[YOUR ASSIGNMENT]
Among the entries below, which lines include the string "pitch"? Show each one.

____ DATA SUPPLIED

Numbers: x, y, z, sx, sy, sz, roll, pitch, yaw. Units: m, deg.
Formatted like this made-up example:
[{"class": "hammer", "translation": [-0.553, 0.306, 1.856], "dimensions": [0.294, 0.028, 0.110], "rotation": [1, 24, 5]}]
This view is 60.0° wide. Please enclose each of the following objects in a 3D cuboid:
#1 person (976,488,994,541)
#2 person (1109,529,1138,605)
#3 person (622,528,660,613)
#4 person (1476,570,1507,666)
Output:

________
____ DATA SUPPLIED

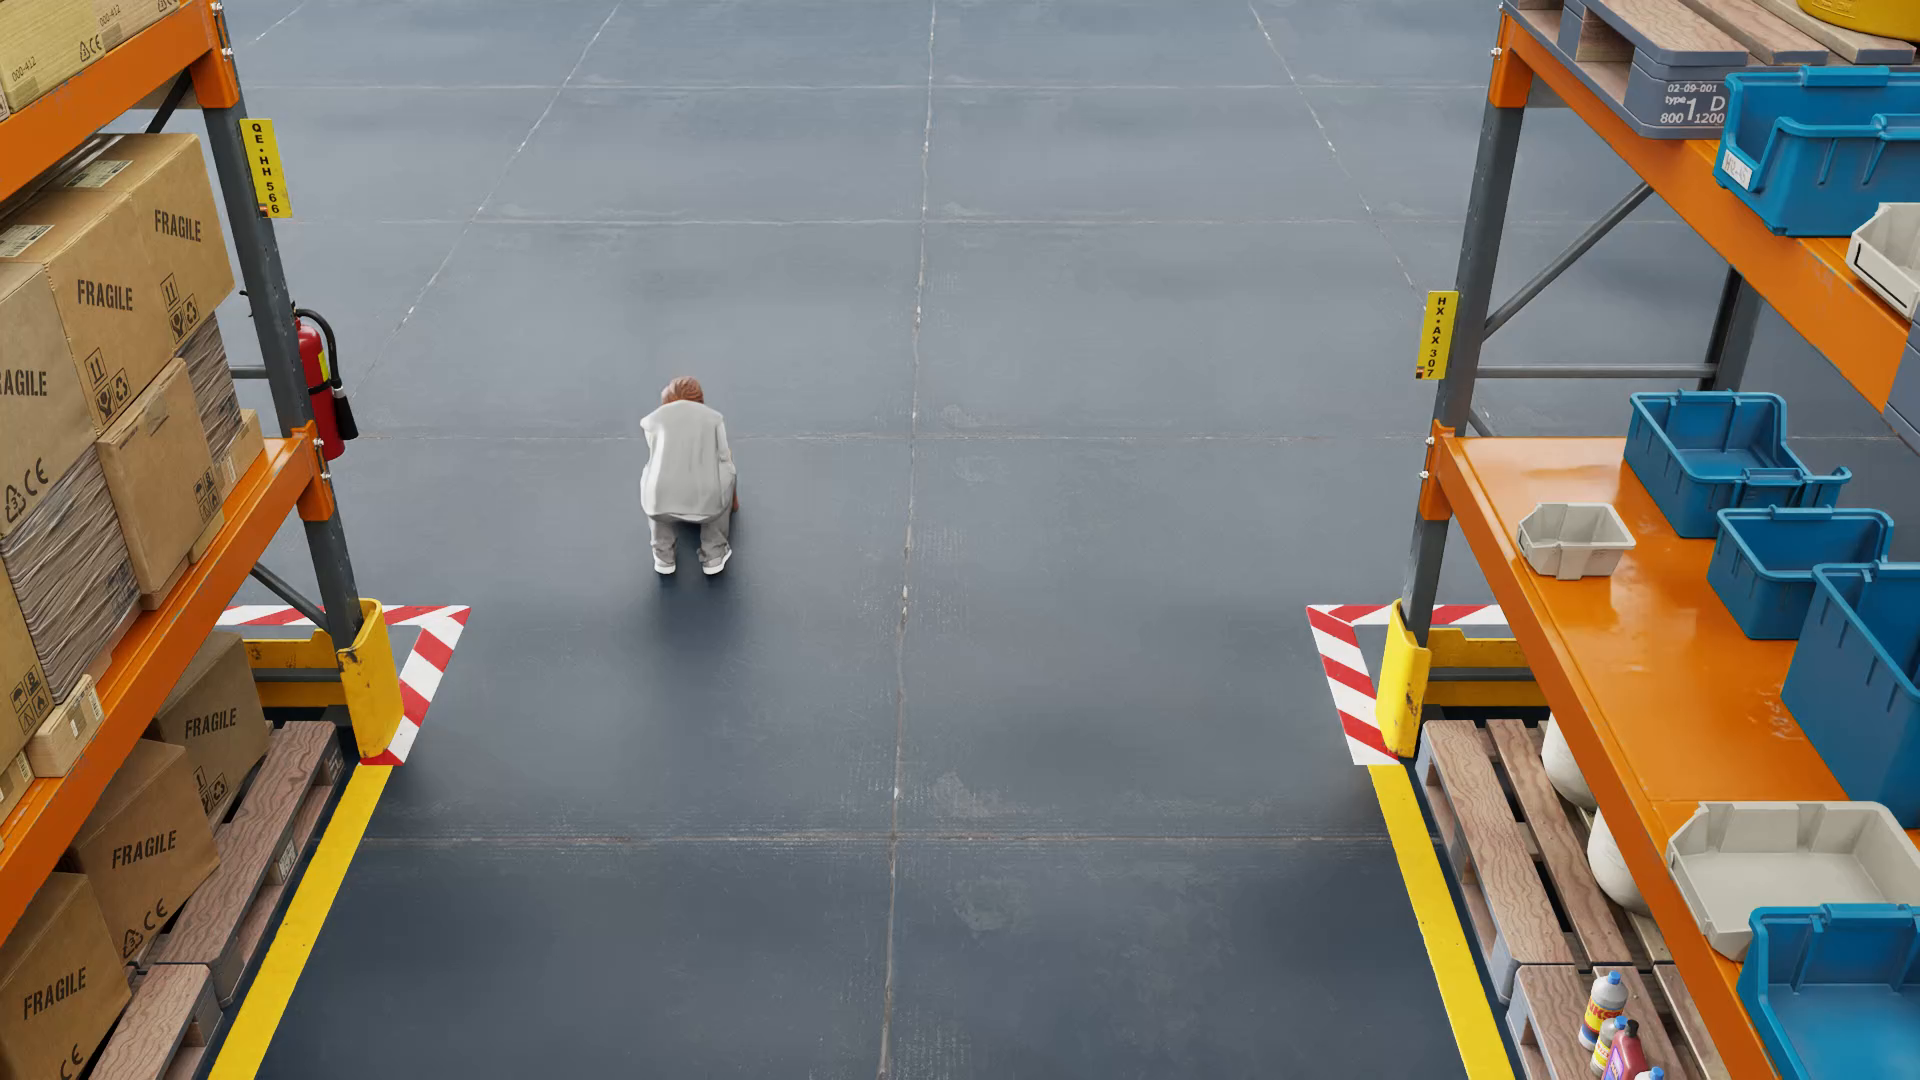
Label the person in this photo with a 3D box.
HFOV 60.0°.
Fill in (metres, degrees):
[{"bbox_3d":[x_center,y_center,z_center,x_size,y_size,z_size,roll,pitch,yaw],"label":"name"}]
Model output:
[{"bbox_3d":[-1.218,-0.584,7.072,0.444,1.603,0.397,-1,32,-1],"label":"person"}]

________

[RESULT OF THIS TASK]
Numbers: x, y, z, sx, sy, sz, roll, pitch, yaw. Units: m, deg.
[{"bbox_3d":[x_center,y_center,z_center,x_size,y_size,z_size,roll,pitch,yaw],"label":"name"}]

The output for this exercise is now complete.